Lundi M. Macron avait qualifié de "propos extraordinairement irrespectueux à l'égard de (son) épouse" un commentaire de Jair Bolsonaro à un post sur Facebook.

Interrogé mardi, M. Bolsonaro a confirmé avoir mis lui-même le commentaire endossant ce post qui montrait Brigitte Macron sur une photo très désavantageuse. Mais il a refusé d'aborder une "question familiale" et a menacé de couper court à sa rencontre avec les journalistes s'"ils insistaient".

L'écrivain brésilien Paulo Coelho a demandé pardon à la France après les attaques de Jair Bolsonaro, comme de nombreux internautes au Brésil, qui exprimaient leur honte, sous le mot-clé #DisculpaBrigitte (Pardon, Brigitte). "Pardonnez-moi, pardonnez-moi mille fois", a-t-il dit dans une vidéo sur Twitter.

"Jair Bolsonaro a la mentalité d'un pré-adolescent imbécile et totalement immature", écrivait un internaute sur @l3l3ck4, "il n'a aucunement la posture d'un chef d'Etat. J'éprouve une honte énorme".

"Nous voudrions une Première dame comme vous: élégante, intelligente et qui fasse réellement quelque chose d'utile pour son pays", écrivait @4fraquejada. "Mais nous avons l'épouse-trophée d'un vieil idiot qui ne sait pas tenir sa langue".

Toutefois le président d'extrême droite bénéficiait dans ses empoignades avec Paris du soutien inconditionnel de la sphère bolsonariste.

Difficultés respiratoires

Sur le terrain, les nouveaux départs de feu ont encore progressé lundi, apportant un démenti à l'affirmation de Jair Bolsonaro à Donald Trump.

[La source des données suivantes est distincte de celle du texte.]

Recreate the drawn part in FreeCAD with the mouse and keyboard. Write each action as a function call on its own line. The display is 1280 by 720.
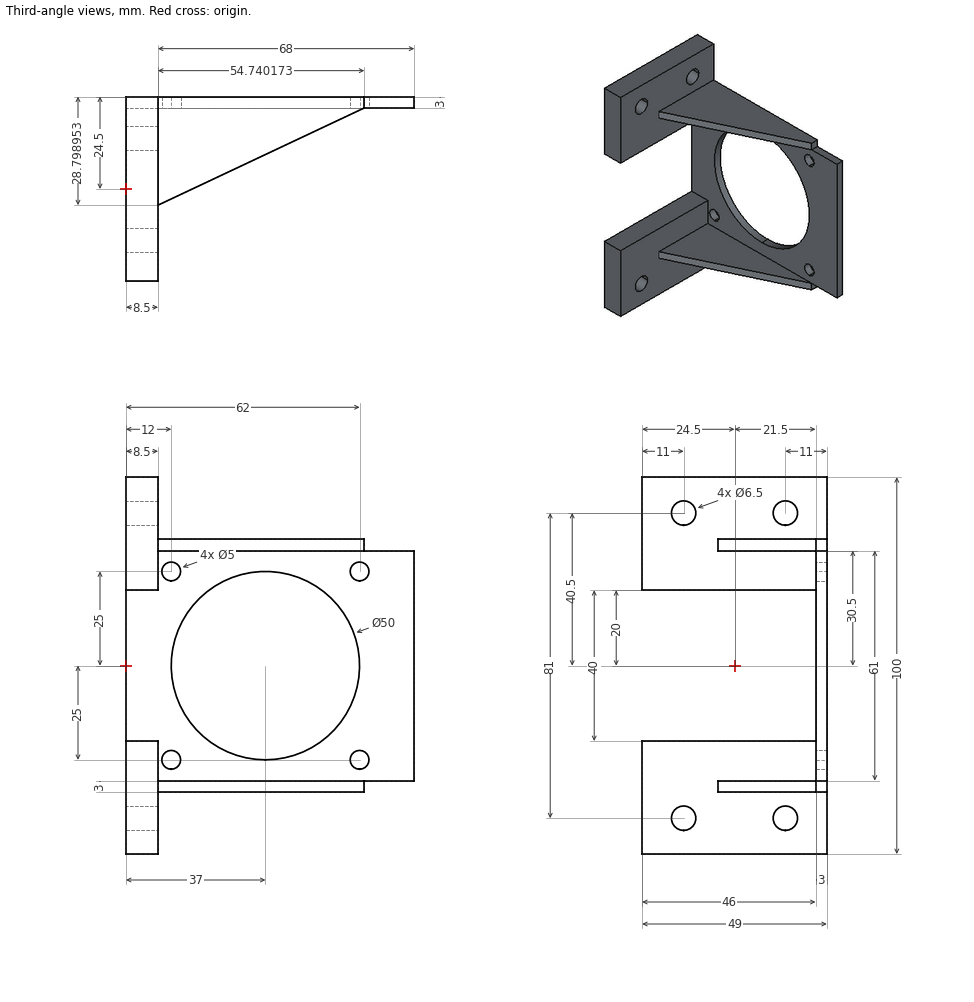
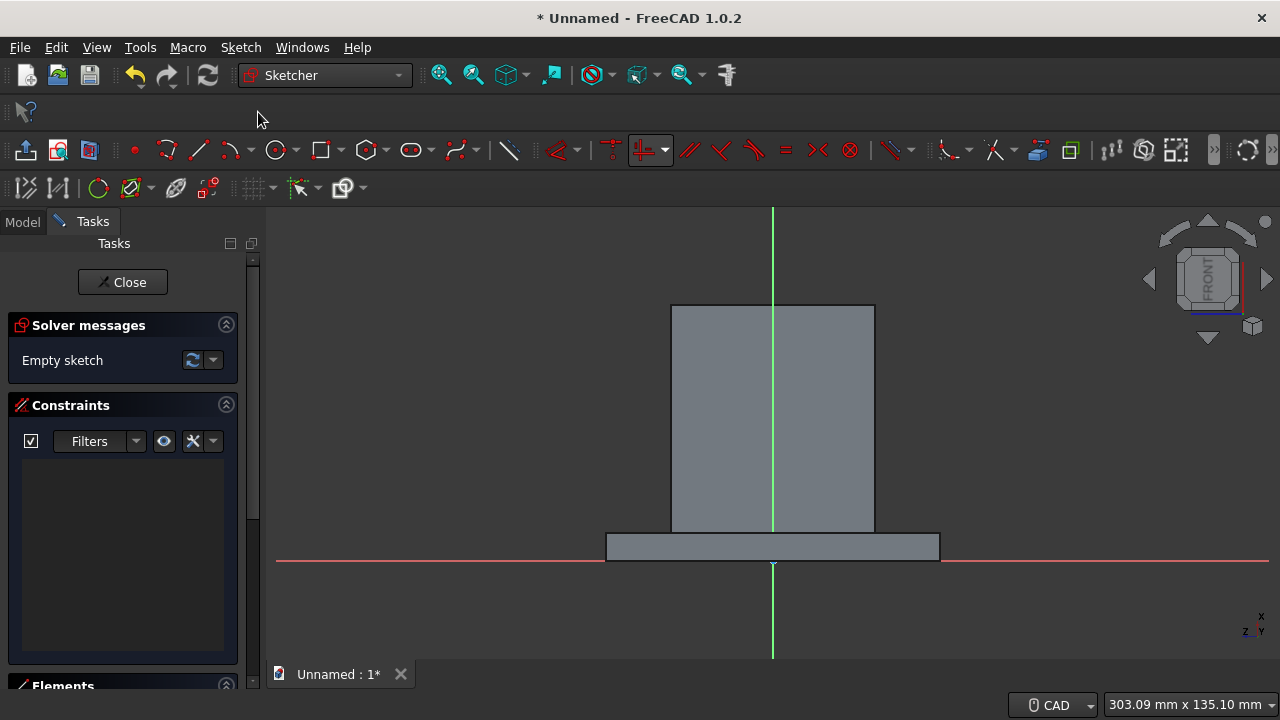
click(276, 150)

Quelque 1.659 nouveaux départs de feu ont été recensés au Brésil par l'Institut national de recherche spatiale (INPE) en 24 heures, plus de la moitié en Amazonie.

A Porto Velho, capitale de l'Etat amazonien de Rondônia, un peu de pluie a allégé l'atmosphère très lourde ces derniers jours des fumées, qui ont conduit de nombreux habitants à consulter pour difficultés respiratoires.

Près de 2.500 hommes et une quinzaine d'avions, dont deux bombardiers d'eau C-130 Hercules étaient mobilisés en Amazonie contre ces feux touchant aussi gravement la Bolivie frontalière du président Evo Morales.

Ce dernier a salué mardi l'aide d'urgence de 20 millions de dollars du G7, tout en qualifiant la contribution de "toute petite".